Wednesday, February 15, 2006

Using the discography for charity

When web sites first started becoming popular in the mid-90's, there was a call on the LuckyTown Digest for obvious reference points for Bruce Springsteen -- a lyrics site, a site for bootlegs, a discography, etc. I took on the discography, which I continue to maintain.

Sometime later, a New York Times article noted that, for all of Springsteen's charity work, there was no site oriented to it. So, in 1996, I created the charities page, which sought to list out charities with which Bruce had worked. This consisted of charities that received proceeds from "Various Artists" records in which Springsteen participated, and also charities that he worked with at his tour stops. Considering that Springsteen works with one or more charities at every show he plays, it goes without saying that the charities page is horribly incomplete -- there are hundreds of charities that could be listed, and I've only got 24. That's something that I hope to rectify in the not-too-distant future.

For nearly a decade, I ran the discography as a purely egalitarian sort of thing; staying totally outside commercial considerations. I just listed the releases, and the names of a few websites that might sell the listings. I knew that people occasionally went to the discography page to find something, which they subsequently bought. Last summer I received an email from someone who was ecstatic after buying his wife seventeen items he found on my site. And I was happy for the little thank-you note. It costs me some money to run the site -- more than it should, probably -- but it just never bothered me that much.
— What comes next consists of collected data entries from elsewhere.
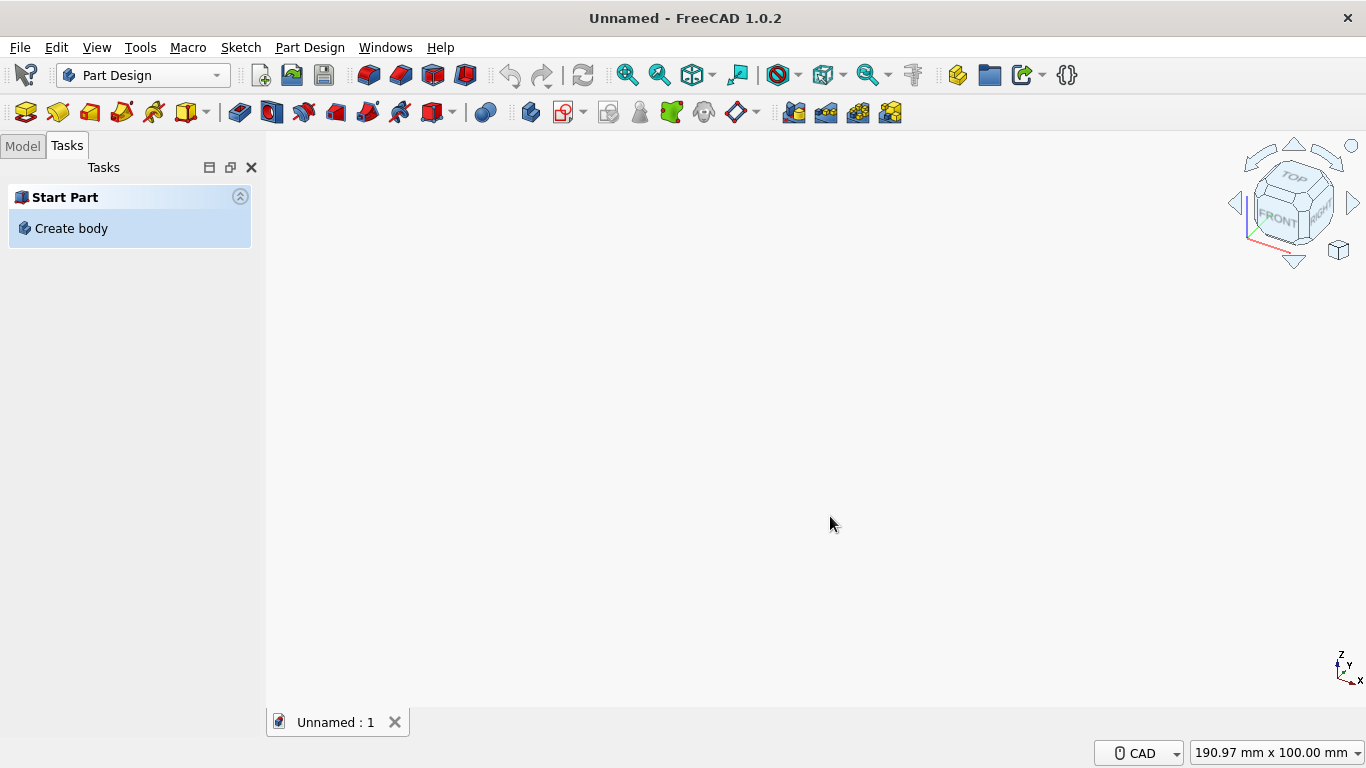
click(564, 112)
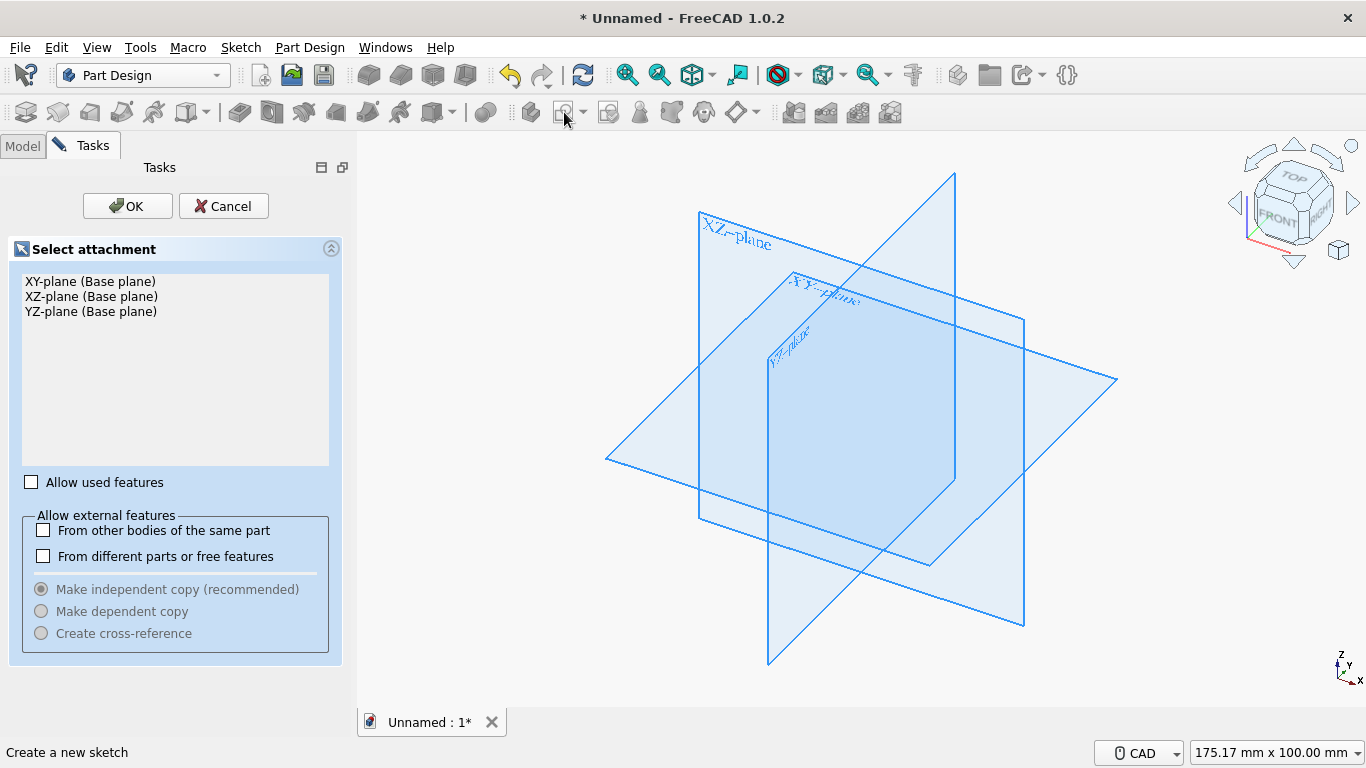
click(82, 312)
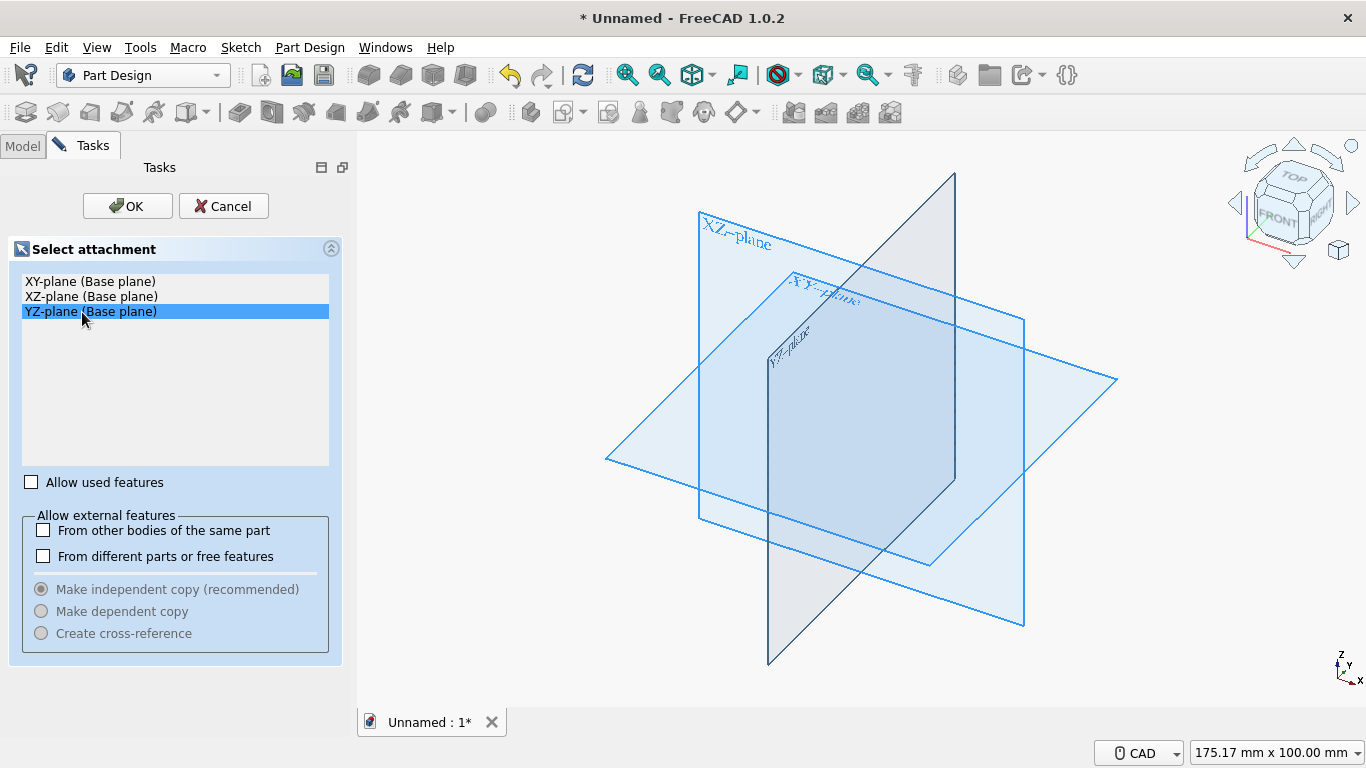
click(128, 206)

Finally, this past November, a little action taken by my friends over at hollerif gave me a bit of an idea: By becoming an amazon associate, I could get a commission for items sold from my page. It wouldn't be much, but maybe it'd at least cover the cost of the site.

Then I had an epihpany: I can do better than that. I can do much better than that. I could become an amazon associate, get the commission, and then turn around and donate the commission to one of the charities listed on the site. Finally, an explicit linkage at the fan level between the commerce/discography and the public works! A flash of brilliance!

So I hooked up to amazon. I got a neat little logo to display -- and if you click on it now and buy something, some of it's going to go to a charity:

I signed up on November 12. A little late for orders of the Born to Run 30th Anniversary set, but still in time for some of the holiday season shopping. The cool thing was, even if the item bought wasn't Springsteen, so long as they got there from my page, I still got the commission.

Amazon pays out quarterly. For the period from November 12 until December 31, 33 items were sold off the site. Amazon gave me proceeds of $27.12. This may not seem like a lot, but give it a few quarters and I figure it'll add to a healthy amount.

Then I had another epiphany: Match the donation. Simply turning over the money to a charity is nice enough, but it's also neutral to me. By matching it, the buyer is partially committing my money, too. Springsteen has matched proceeds from merchandise sales at some of his shows, and that's one aspect of his approach that I'll happily emulate.

My first proceeds from amazon arrived at the end of January. The first selected charity is the Kristen Ann Carr Fund. The donation amount is $50; I'll carry over the remainder of the match for next quarter's recipient. I am tracking each quarter's results at a new donations page.